WHAT IS EXPECTED: The full listing, exactly as written and with no images, is the expected output.

====== GIVEN INFORMATION

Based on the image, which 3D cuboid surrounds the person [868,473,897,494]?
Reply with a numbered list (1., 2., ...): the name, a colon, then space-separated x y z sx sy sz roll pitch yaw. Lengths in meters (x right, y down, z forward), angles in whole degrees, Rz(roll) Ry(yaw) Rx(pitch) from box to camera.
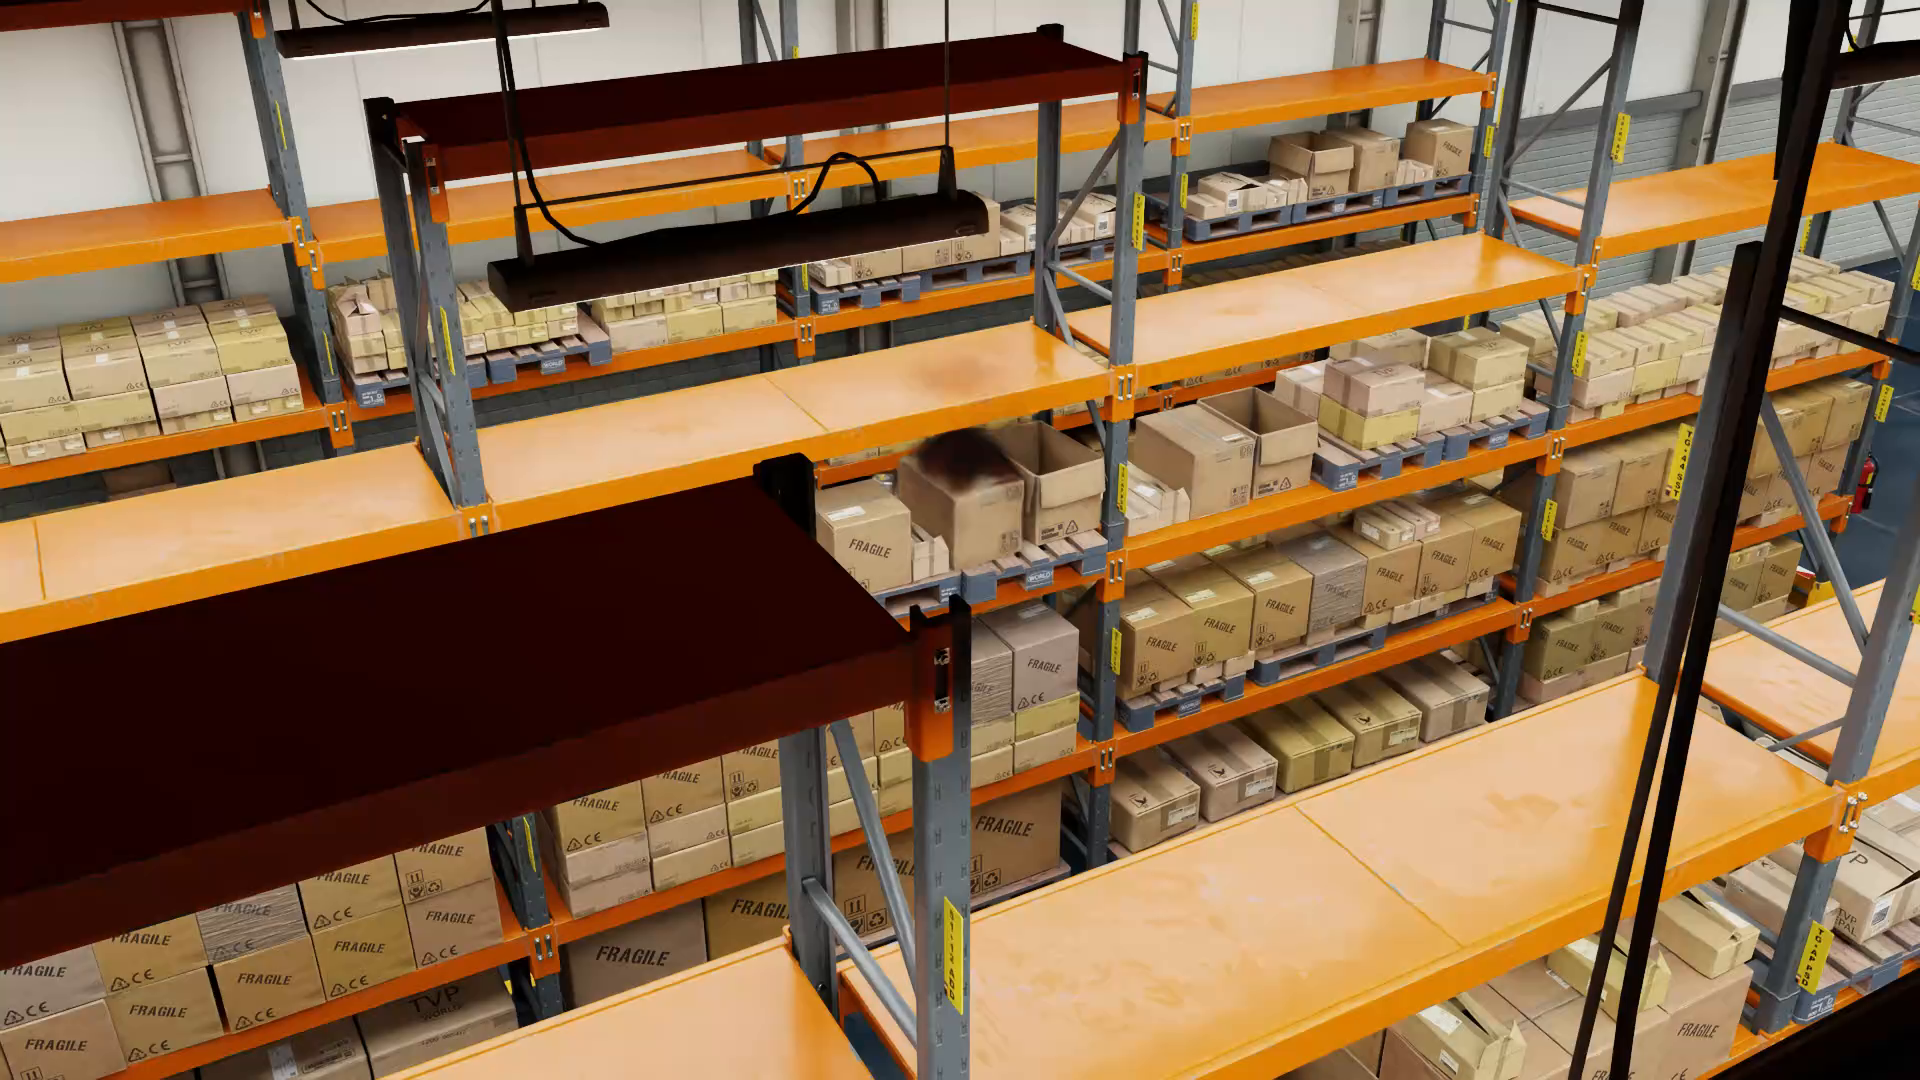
1. person: -0.688 0.204 14.457 0.536 1.696 0.720 21 35 34

============

TASK RESPONSE:
Based on the image, which 3D cuboid surrounds the person [868,473,897,494]?
Reply with a numbered list (1., 2., ...): the name, a colon, then space-separated x y z sx sy sz roll pitch yaw. Lengths in meters (x right, y down, z forward), angles in whole degrees, Rz(roll) Ry(yaw) Rx(pitch) from box to camera.
1. person: -0.688 0.204 14.457 0.536 1.696 0.720 21 35 34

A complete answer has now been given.